*Data for processing*
◇ ◇ ◇
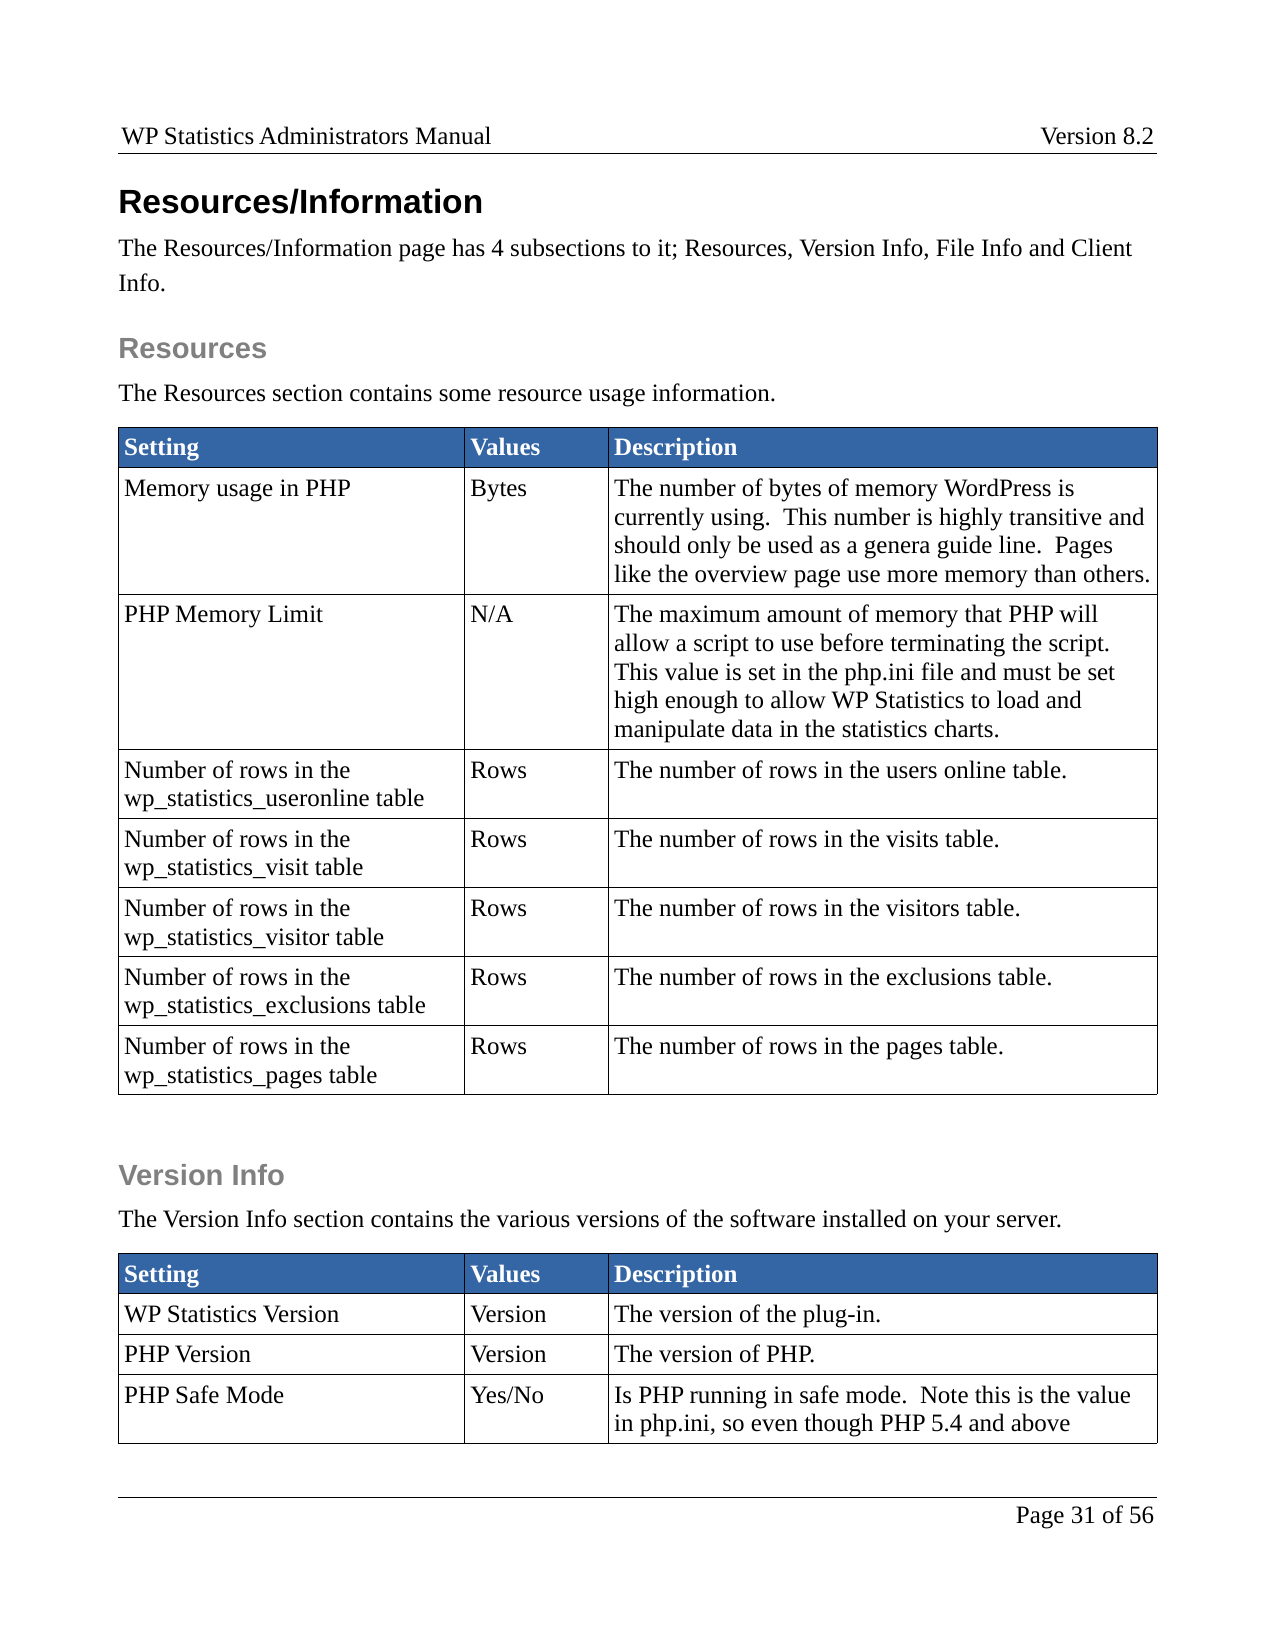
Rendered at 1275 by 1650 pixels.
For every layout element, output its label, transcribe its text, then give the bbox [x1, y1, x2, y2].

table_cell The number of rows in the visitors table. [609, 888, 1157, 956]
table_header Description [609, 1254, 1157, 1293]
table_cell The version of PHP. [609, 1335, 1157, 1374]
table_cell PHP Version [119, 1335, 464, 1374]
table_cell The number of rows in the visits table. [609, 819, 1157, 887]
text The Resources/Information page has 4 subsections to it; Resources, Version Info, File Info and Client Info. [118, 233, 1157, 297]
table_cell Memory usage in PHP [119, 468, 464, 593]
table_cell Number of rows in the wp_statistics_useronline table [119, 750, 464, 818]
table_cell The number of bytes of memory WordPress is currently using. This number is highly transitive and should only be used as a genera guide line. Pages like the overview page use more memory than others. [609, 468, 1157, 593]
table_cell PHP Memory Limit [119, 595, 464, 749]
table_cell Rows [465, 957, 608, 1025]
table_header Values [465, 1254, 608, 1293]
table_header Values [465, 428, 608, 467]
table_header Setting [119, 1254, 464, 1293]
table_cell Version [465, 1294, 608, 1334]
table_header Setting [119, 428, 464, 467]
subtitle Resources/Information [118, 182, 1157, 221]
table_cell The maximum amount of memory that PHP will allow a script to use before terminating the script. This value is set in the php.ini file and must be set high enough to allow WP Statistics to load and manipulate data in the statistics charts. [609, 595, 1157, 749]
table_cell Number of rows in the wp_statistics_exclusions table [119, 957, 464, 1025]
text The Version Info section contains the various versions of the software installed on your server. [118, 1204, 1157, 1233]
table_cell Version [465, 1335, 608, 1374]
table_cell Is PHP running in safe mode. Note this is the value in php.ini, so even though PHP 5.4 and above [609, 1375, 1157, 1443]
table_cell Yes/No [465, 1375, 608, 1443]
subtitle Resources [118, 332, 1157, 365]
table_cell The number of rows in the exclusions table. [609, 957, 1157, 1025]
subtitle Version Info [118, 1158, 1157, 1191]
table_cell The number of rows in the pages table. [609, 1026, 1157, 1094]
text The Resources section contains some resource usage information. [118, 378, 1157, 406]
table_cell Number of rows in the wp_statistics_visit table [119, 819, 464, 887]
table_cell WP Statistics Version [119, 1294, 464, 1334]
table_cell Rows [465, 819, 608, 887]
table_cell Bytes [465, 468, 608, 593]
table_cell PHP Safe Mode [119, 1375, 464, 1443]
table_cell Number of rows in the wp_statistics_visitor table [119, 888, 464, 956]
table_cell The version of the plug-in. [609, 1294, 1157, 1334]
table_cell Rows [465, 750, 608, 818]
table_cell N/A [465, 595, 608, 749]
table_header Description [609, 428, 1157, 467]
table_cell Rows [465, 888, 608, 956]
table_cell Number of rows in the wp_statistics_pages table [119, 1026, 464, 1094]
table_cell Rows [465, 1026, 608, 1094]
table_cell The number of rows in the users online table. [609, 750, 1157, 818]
◇ ◇ ◇
*Problem details*
Pull out all lines from the entries above in which the word "usage" appears.

*Written response*
table_cell Memory usage in PHP [119, 468, 464, 593]
text The Resources section contains some resource usage information. [118, 378, 1157, 406]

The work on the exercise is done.